Владимир Казаков - Избранные сочинения. 1. Ошибка живых
ОЛЬГА
А как давно эти сгустки известны астрономам?
АННА
До изобретения зрительных труб были известны: Плеяды и Гияды в созвездии Тельца и Ясли в созвездии Рака. После же изобретения зрительных труб число открытых звездных сгустков непрерывно увеличивалось. Вот наиболее замечательные и легче других наблюдаемые звездные сгустки:
Тукан — шарообразный весьма красивый сгусток.
Персей — двойной сгусток, обильный яркими звездами.
Телец — Плеяды; хорошие глаза различают 14 звезд.
Близнецы — очень обильный и красивый сгусток.
Рак — Ясли; легко различается даже слабыми трубами.
Корабль — большой и почти круглый сгусток.
Южный Крест — состоит из многих ярких звезд.
Центавр — самый большой сгусток, более 5000 звезд.
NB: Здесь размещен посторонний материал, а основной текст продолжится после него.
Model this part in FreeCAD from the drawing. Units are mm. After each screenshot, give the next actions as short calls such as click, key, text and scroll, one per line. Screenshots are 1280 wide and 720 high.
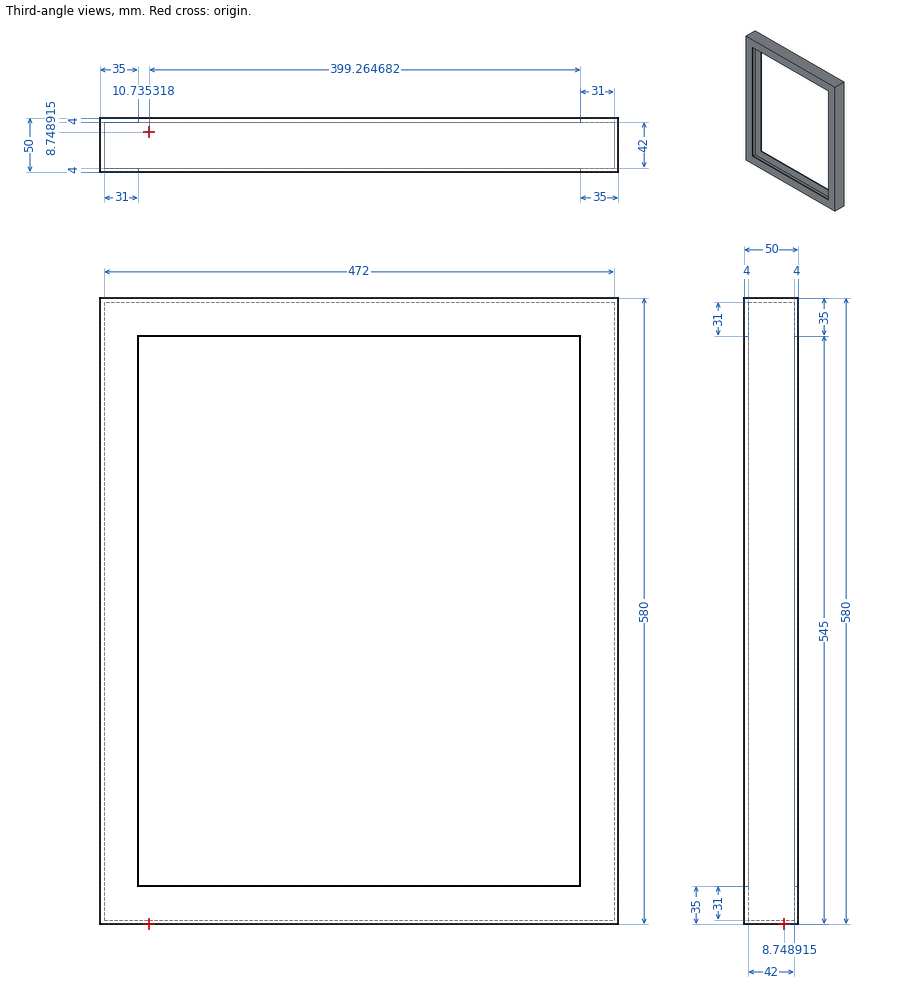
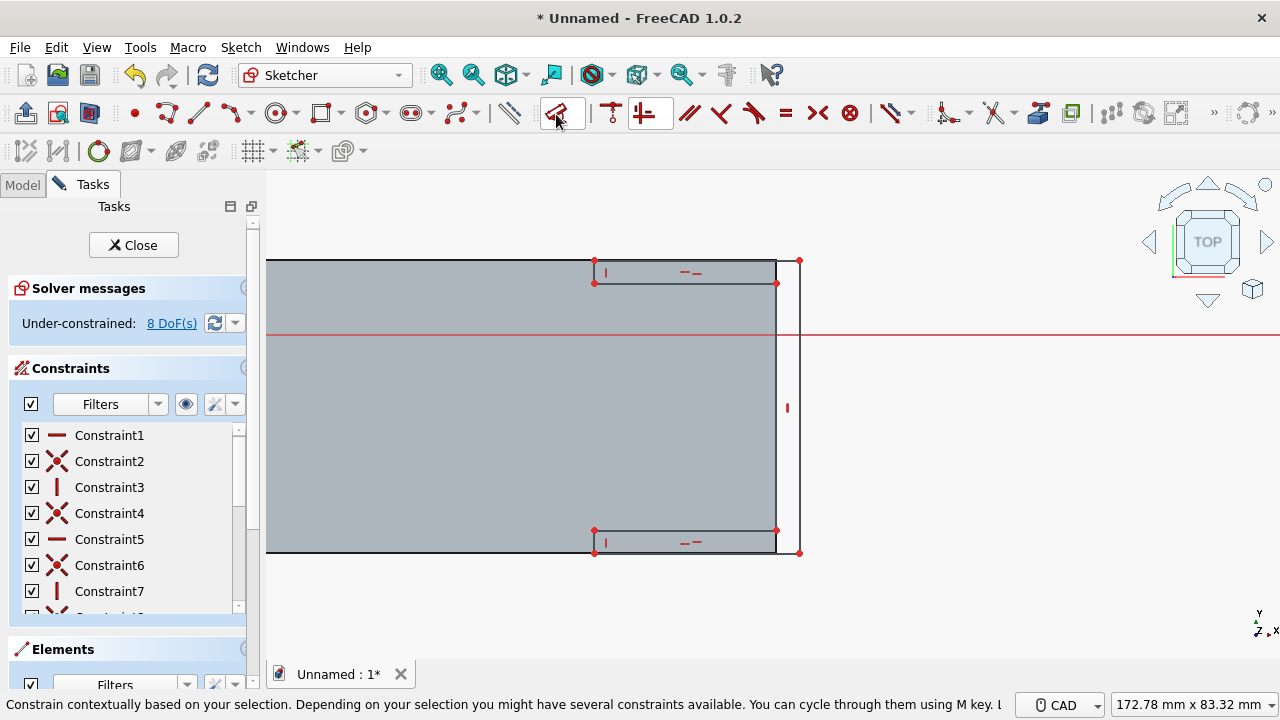
scroll(594, 540, up, 3)
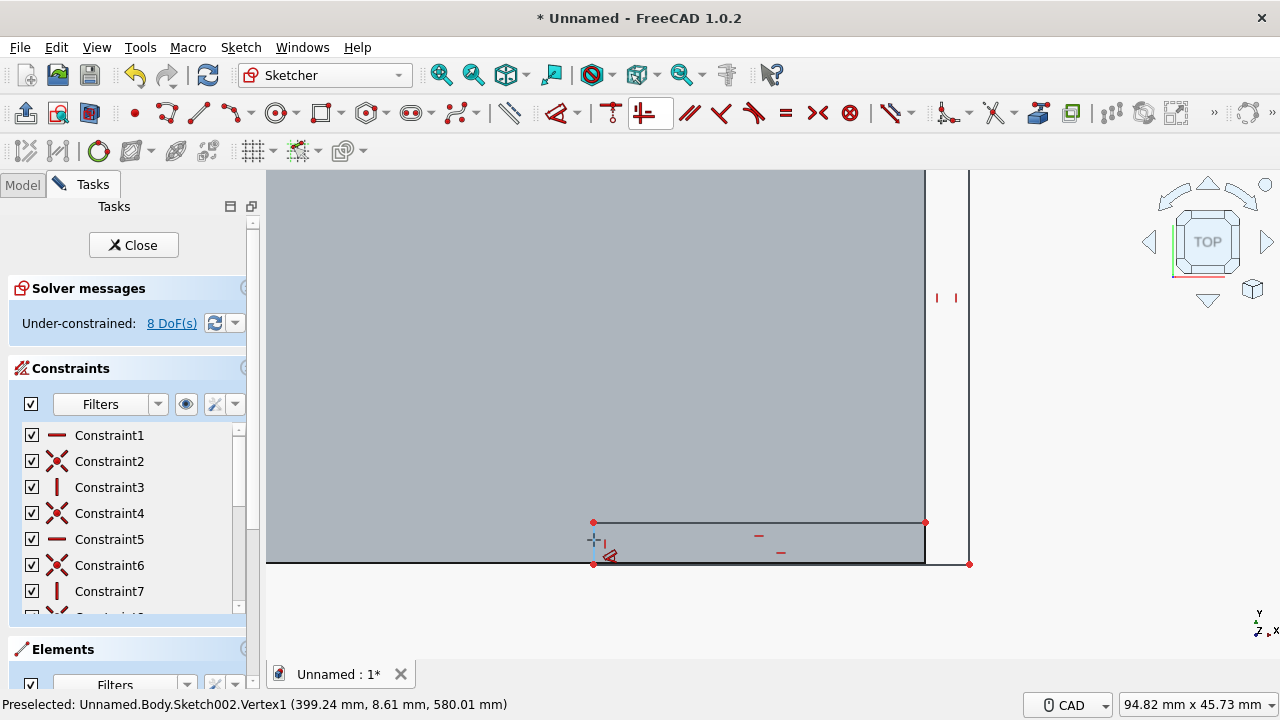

Геркулес — чрезвычайно яркий и красивый сгусток...
ПОЭТ (появляясь)
Простите, я, кажется, прервал вашу ученую беседу?
АННА
Кажется, но не прервали. Откуда вы теперь? Вас так давно не было видно!.. Пишете ли вы по-прежнему стихи?
ПОЭТ
Нет.
ОЛЬГА
А что же вы делаете?
ПОЭТ
Удивляюсь тому, что когда-то писал.
АННА
Пожалуйста, прочтите то, что вас более всего удивляет.
ОЛЬГА
Да, да! Прочтите!
ПОЭТ
Устал у камня у воды
У неба около
Стоял вели его следы
На берег озера высокого
Из воды та что из вышла
Он стоял ее и слышал
Тихо волосы и воздух
Тихо темные глаза
В кулаке зажаты звезды
Лучами пронзая и руку назад
Мгновенья долго пролетали
Ее глаза к его огромны
Откуда нож? Он был из стали
Настало быть полоскам темным
Рухнула грудой ресниц и волос
Над нею над ними «о!» пронеслось
Потом нашли два легких трупа
Их схоронили у холмов
И падало отвесно круто
Молчанье каменных умов...
КУКЛИН (входя)
Куклин, входя.
АННА (поэту)
Анна поэту.
ОЛЬГА (глядя в окно)
На фоне этого беспредельного неба каким мелким становится всякое безбожие!
КУКЛИН
Да, да, да, вы правы! А какие грозные тучи! Я только что с улицы, и вдруг — ваши справедливые слова...
Темнота появилась вместе с утром. Фонари погасли, и стало еще темнее. Тучи опустились ниже, и стало еще темнее. Стало еще темнее, и стало еще темнее.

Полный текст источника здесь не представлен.